Un scambio costante, un movimento che riporta alla fonte ciò che le appartiene.

Comprendo possa essere poco piacevole, a volte, ammettere a se stessi che ciò che gli altri suscitano in noi parla proprio di noi, ma se ampliano il punto di vista e allarghiamo lo sguardo forse riusciamo a fare un passo avanti, evitando di restare troppo a lungo agganciati a quel dito puntato verso l’altro che tanto piace al nostro ego, più occupato alla lotta che non all’armonia, più interessato alla ragione anziché alla comprensione,  più focalizzato alla separazione che non all’inclusione, non accorgendosi di quanto, nel suo tentativo di attuare una sorta di protezione, possa renderci schiavi, se preferite vittime o più semplicemente dipendenti dagli altri, perché se dobbiamo difenderci da qualcosa o qualcuno significa che ciò sta all’esterno detiene maggior potere di quanto ne possiamo avere noi.

Ma andiamo per gradi.

Al di là delle teorie, delle leggi, degli studi, vorrei che vi soffermaste per qualche secondo su tutte le volte che avete accusato qualcuno del vostro stato, di come vi sentivate, del vostro malessere, della vostra insoddisfazione e via così, chi più ne ha più ne metta, nessuno escluso, me compresa.

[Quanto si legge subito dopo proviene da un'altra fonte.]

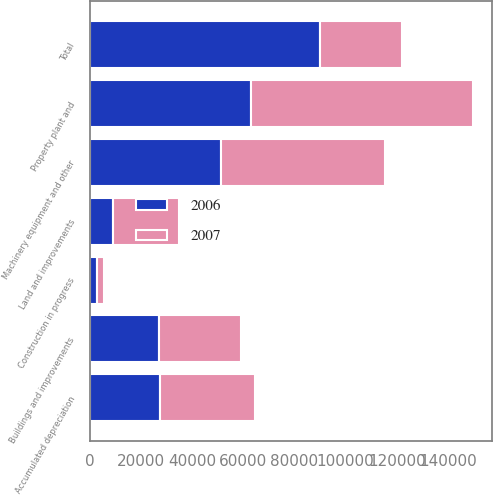<chart> <loc_0><loc_0><loc_500><loc_500><stacked_bar_chart><ecel><fcel>Land and improvements<fcel>Buildings and improvements<fcel>Machinery equipment and other<fcel>Construction in progress<fcel>Total<fcel>Accumulated depreciation<fcel>Property plant and<nl><fcel>2007<fcel>25695<fcel>32127<fcel>64112<fcel>2454<fcel>32127<fcel>37314<fcel>87074<nl><fcel>2006<fcel>9055<fcel>26967<fcel>51298<fcel>2809<fcel>90129<fcel>27278<fcel>62851<nl></chart> 
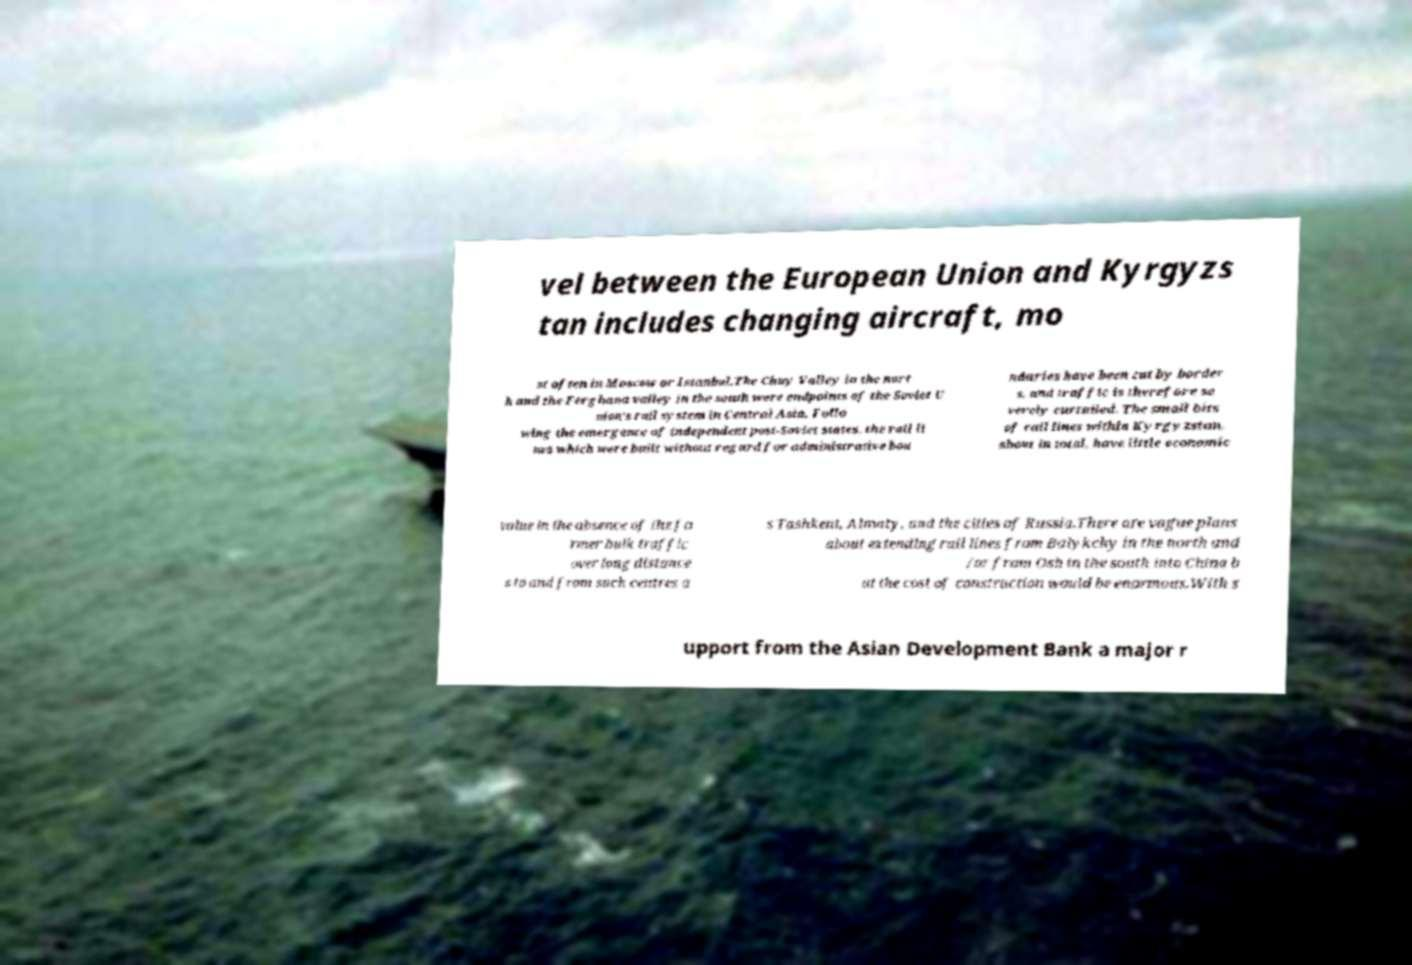For documentation purposes, I need the text within this image transcribed. Could you provide that? vel between the European Union and Kyrgyzs tan includes changing aircraft, mo st often in Moscow or Istanbul.The Chuy Valley in the nort h and the Ferghana valley in the south were endpoints of the Soviet U nion's rail system in Central Asia. Follo wing the emergence of independent post-Soviet states, the rail li nes which were built without regard for administrative bou ndaries have been cut by border s, and traffic is therefore se verely curtailed. The small bits of rail lines within Kyrgyzstan, about in total, have little economic value in the absence of the fo rmer bulk traffic over long distance s to and from such centres a s Tashkent, Almaty, and the cities of Russia.There are vague plans about extending rail lines from Balykchy in the north and /or from Osh in the south into China b ut the cost of construction would be enormous.With s upport from the Asian Development Bank a major r 
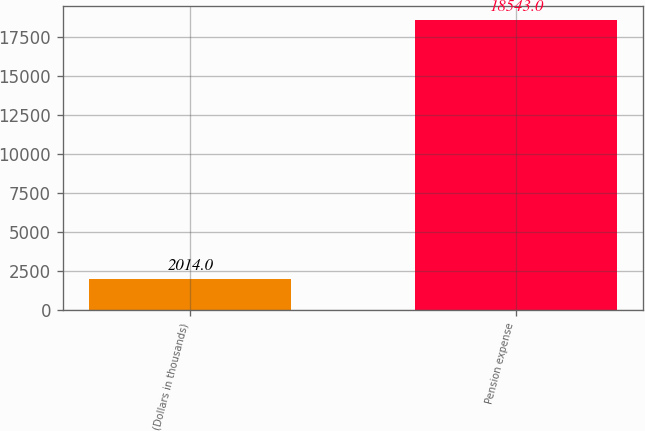Convert chart. <chart><loc_0><loc_0><loc_500><loc_500><bar_chart><fcel>(Dollars in thousands)<fcel>Pension expense<nl><fcel>2014<fcel>18543<nl></chart>

Ora se per caso, come è capitato a me, vi ritrovate ad avere almeno un’occasione in cui lo avete vissuto e sperimentato, passo alla prima domanda.

Cosa vi ha fatto scaturire quella determinata reazione? Cosa vi ha fatto arrabbiare, infastidire, rattristire, deludere e così via?

Lo so che sarebbe fantastico continuare a proiettare fuori ciò che vive dentro, sarebbe più semplice e in parte lo è, visto che trascorriamo la maggior parte del tempo ad accusarci invece di cercare soluzioni funzionali ed utili, ma è proprio qui che sta il passaggio con la successiva domanda d’obbligo.

Cosa c’è per me in questa situazione? Cosa devo guardare di me grazie a questo accadimento? Cosa mi sta offrendo questo evento? Cosa porta l’altro di me e per me?

Facciamo un esempio pratico.

Ipotizziamo che una persona mi abbia mancato di rispetto, a dirla tutta più che un’ipotesi è un dato di fatto e che questa sua mancanza di rispetto mi abbia fatto molto arrabbiare, scatenando tutte le mie ire e andando a richiamare il mio “giustiziere interiore” che a ragion veduta ha espresso le sue ragioni con una certa veemenza. Da questa sua sacrosanta manifestazione iniziale, ciò che ne segue è la facoltà di esercitare o meno il mio pieno potere, quello di cui tutti disponiamo ed è ciò a cui mi riferivo con le domande precedenti.

Posso scegliere di restare inchiodata con lo sguardo verso l’altro, continuando ad imputare a lui il mio dolore, fastidio o la mia delusione per quella mancanza di rispetto, oppure iniziare a focalizzarmi dentro di me, cogliendo l’opportunità, quella possibile, sempre e comunque, nel bene e nel male, proprio grazie alla relazione con l’altro e quando dico altro uso volutamente un termine ampio, perché l’altro può essere il compagno o la compagna, l’amica, l’amico, il capo, il padre, la madre, il figlio, la figlia, ma anche il sistema o chiunque sia in grado di stimolare una reazione interna sufficientemente intensa per la quale varrebbe la pena soffermarci un attimo.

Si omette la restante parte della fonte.